If new range is splited to multiple pranges with max_svm_range_pages
alignment and added to update_list, svm validate and map should keep
going after error to make sure prange->mapped_to_gpu flag is up to date
for the whole range.

svm validate and map update set prange->mapped_to_gpu after mapping to
GPUs successfully, otherwise clear prange->mapped_to_gpu flag (for
update mapping case) instead of setting error flag, we can remove
the redundant error flag to simpliy code.
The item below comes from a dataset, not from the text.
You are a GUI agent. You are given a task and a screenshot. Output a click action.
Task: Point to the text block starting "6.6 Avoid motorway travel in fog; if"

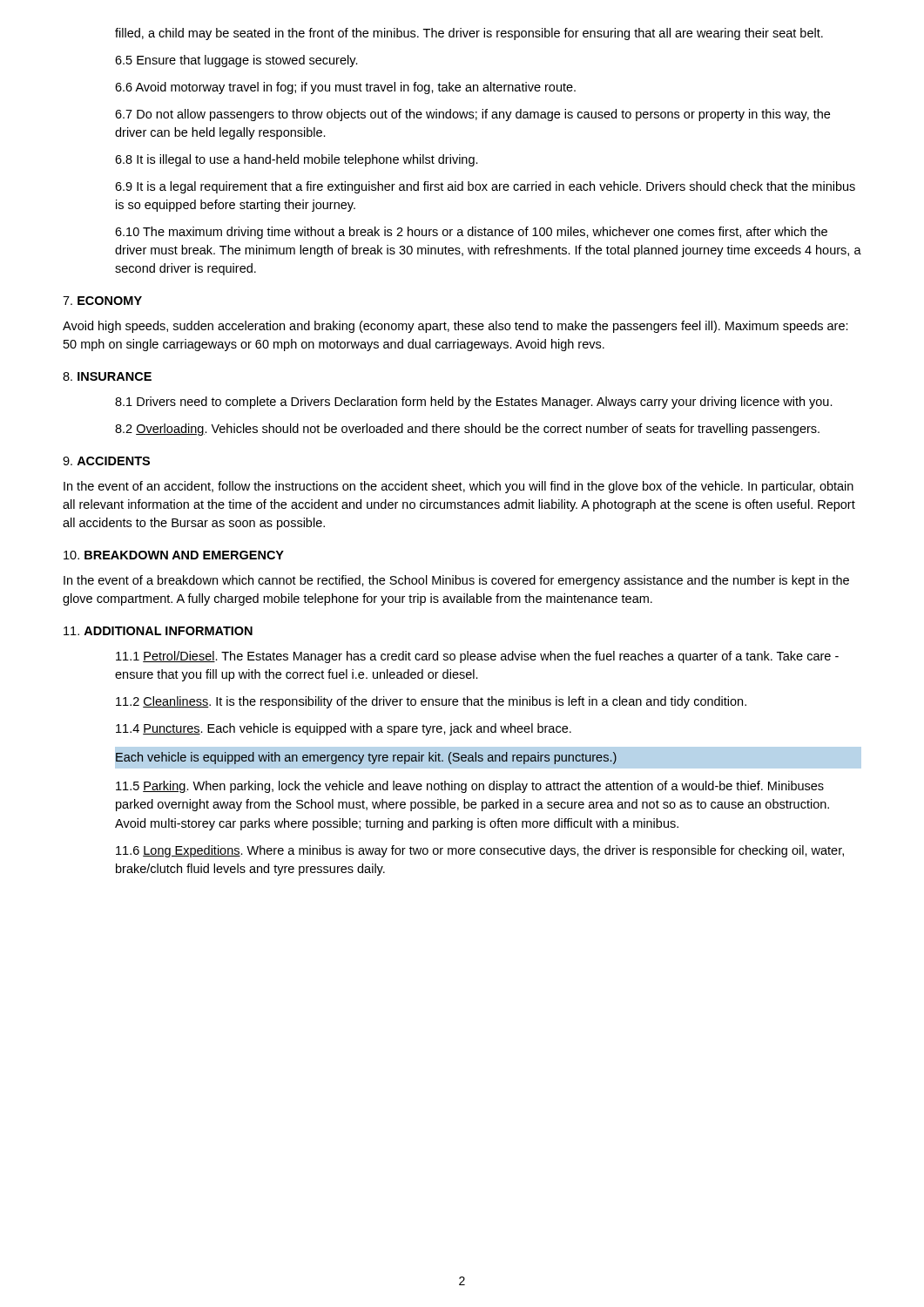[x=488, y=88]

Refactor to remove goto and update prange->mapped_to_gpu flag inside
svm_range_lock, to guarant we always evict queues or unmap from GPUs if
there are invalid ranges.

After svm validate and map return error -EAGIN, the caller retry will
update the mapping for the whole range again.

Fixes: c22b04407097 ("drm/amdkfd: flag added to handle errors from svm validate and map")
Signed-off-by: Philip Yang <Philip.Yang@amd.com>
---
 drivers/gpu/drm/amd/amdkfd/kfd_svm.c | 78 +++++++++++++---------------
 drivers/gpu/drm/amd/amdkfd/kfd_svm.h |  1 -
 2 files changed, 36 insertions(+), 43 deletions(-)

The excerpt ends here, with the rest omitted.